Она замолчала и, пожав плечами, с грустной досадой добавила:
— Как! Абсолютно незнакомый мужчина, которого я чуть ли не первый раз вижу… И вы могли подумать… Нет, нет, это невозможно!
— Очень даже возможно; я и сейчас так думаю.
— И всем расскажете, как только что грозились Шарлю…
— Лучше отговорите этого сопляка, так как если я буду драться с ним, то каждому, кто только пожелает, открою причину дуэли.
— А если у меня хватит влияния, чтобы остановить его, тогда что?
— О сударыня, тогда совсем другое дело; я умею хранить тайны, да между нами пока и нет никаких секретов.
— И не будет, клянусь вам!
— Как вам будет угодно, сударыня; что ж, каждый из нас волен поступать как хочет.
— Но, сударь!
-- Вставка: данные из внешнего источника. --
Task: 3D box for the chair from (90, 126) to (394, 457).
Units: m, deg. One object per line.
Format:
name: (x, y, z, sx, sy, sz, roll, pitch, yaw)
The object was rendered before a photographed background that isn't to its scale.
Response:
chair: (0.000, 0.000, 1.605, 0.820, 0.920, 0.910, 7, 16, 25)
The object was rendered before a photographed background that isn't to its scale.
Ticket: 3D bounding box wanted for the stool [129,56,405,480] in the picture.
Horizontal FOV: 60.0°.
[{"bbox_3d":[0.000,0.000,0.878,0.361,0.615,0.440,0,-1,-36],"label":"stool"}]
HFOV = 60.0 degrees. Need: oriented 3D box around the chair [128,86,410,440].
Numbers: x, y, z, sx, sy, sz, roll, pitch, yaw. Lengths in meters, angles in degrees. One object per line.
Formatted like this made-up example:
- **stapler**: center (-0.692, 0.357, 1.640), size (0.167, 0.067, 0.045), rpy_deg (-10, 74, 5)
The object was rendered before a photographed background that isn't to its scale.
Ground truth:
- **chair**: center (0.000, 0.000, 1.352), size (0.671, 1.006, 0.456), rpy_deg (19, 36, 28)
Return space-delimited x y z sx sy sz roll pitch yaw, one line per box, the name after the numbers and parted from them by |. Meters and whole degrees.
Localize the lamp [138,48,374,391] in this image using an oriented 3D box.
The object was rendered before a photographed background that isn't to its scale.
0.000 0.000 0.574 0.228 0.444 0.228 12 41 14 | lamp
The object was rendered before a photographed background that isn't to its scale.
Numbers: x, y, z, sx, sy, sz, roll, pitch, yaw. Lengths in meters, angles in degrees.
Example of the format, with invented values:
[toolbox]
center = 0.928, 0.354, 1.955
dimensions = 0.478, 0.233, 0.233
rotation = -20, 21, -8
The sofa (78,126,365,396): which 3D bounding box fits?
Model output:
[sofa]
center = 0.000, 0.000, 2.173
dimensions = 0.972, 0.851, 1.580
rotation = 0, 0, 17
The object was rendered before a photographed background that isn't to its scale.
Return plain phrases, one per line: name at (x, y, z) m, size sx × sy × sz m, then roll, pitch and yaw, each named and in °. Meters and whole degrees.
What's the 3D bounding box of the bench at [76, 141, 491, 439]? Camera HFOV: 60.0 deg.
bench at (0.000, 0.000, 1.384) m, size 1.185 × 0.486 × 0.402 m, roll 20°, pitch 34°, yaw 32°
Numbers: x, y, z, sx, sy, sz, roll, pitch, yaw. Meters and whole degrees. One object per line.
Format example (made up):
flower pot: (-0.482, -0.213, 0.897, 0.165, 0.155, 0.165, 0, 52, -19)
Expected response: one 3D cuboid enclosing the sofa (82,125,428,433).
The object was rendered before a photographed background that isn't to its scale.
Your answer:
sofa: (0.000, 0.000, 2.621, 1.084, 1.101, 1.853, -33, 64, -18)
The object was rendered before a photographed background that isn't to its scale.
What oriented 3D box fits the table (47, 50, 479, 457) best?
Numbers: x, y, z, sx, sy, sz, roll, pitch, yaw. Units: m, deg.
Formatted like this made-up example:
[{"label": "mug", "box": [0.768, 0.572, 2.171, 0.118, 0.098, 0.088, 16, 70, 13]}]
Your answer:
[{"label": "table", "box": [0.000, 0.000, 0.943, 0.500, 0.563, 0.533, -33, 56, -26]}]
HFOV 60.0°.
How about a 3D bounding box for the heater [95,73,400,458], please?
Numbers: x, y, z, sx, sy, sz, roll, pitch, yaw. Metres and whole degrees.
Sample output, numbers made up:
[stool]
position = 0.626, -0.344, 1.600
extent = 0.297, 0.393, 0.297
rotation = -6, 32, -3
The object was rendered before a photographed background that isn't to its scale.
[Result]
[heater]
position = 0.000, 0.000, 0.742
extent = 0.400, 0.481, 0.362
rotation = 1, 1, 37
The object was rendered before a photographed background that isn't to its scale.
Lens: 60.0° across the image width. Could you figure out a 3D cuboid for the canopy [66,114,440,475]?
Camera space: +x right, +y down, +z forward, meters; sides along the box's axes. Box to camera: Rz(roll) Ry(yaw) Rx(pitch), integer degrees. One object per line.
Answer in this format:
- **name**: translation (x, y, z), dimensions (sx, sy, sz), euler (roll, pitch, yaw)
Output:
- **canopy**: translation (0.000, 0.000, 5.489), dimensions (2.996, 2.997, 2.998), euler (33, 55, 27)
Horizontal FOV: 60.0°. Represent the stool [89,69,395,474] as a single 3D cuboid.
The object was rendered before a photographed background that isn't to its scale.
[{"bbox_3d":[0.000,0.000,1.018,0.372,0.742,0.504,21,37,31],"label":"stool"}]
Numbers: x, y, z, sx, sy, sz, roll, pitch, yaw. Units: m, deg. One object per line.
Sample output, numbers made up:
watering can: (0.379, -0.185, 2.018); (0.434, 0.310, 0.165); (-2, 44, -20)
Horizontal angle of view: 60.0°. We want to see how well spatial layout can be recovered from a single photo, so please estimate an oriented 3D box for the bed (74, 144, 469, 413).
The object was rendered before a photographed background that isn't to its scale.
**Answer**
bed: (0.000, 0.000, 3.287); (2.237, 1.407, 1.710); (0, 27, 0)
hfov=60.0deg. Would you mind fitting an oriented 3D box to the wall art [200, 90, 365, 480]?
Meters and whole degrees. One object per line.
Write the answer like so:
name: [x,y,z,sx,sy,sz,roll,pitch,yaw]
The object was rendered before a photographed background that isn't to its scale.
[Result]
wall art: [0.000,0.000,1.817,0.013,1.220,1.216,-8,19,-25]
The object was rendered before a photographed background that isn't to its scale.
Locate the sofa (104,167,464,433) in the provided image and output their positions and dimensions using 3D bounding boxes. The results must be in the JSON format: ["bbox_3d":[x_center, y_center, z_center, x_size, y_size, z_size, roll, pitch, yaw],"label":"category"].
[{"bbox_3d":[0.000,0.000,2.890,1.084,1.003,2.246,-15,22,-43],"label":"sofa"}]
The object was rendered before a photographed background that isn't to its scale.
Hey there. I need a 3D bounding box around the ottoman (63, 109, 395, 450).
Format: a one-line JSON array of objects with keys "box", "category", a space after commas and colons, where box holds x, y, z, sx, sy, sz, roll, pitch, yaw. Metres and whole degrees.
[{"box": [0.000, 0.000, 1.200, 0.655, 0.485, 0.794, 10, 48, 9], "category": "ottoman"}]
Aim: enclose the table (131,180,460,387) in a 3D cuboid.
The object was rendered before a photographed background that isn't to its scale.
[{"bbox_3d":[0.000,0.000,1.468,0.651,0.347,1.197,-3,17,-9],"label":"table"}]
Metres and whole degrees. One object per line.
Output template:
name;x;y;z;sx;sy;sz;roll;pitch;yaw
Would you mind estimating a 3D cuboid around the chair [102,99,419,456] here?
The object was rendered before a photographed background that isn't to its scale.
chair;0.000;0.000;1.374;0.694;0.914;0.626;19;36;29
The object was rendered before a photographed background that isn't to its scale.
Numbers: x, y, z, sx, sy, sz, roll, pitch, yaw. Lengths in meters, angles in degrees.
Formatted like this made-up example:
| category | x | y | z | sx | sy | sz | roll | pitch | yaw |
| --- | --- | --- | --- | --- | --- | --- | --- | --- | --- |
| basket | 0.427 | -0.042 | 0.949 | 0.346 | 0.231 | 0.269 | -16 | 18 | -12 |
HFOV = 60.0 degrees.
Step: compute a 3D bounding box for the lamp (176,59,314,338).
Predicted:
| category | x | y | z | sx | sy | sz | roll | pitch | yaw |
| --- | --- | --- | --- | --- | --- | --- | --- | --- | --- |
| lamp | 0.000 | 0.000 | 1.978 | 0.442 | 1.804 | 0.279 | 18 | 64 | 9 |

Я же замужем; у нас дети…
Луицци пришел в ярость и резко ответил:
— В том числе очень даже симпатичная девчушка.
— А-а, теперь я вас понимаю; явившись сюда, вы уже в достаточной степени презирали меня, чтобы надеяться на многое.
— Похоже, у меня не было нужды ни в каком предубеждении, зато вы сделали все, чтобы мне его внушить.
— А вот этого я никак не понимаю. Вы, сударь, принадлежите к миру, в котором, как я вижу, словам придают более буквальный смысл, чем в нашем кругу.
— Я из того мира, сударыня, где кокетство не превращают в средство наживы.
— Так вот вы о чем, сударь?! Раз так, вот наш договор — порвите его!
Госпожа Дилуа протянула Луицци бумаги, отвернувшись, чтобы спрятать слезы, но барон остался неумолим:
— По правде, сударыня, лучше бы нам пойти до конца… И тогда, клянусь — буду молчать до гроба…
Госпожа Дилуа с ужасом отшатнулась от него.
— В таком случае, — решил Луицци, — мне остается только откланяться.
Она зажгла свечу, и барон увидел, насколько бедная женщина бледна и расстроена; в наступившей тишине она накинула шаль и знаком пригласила его к выходу. Луицци был жестоко уязвлен столь холодным и решительным отпором.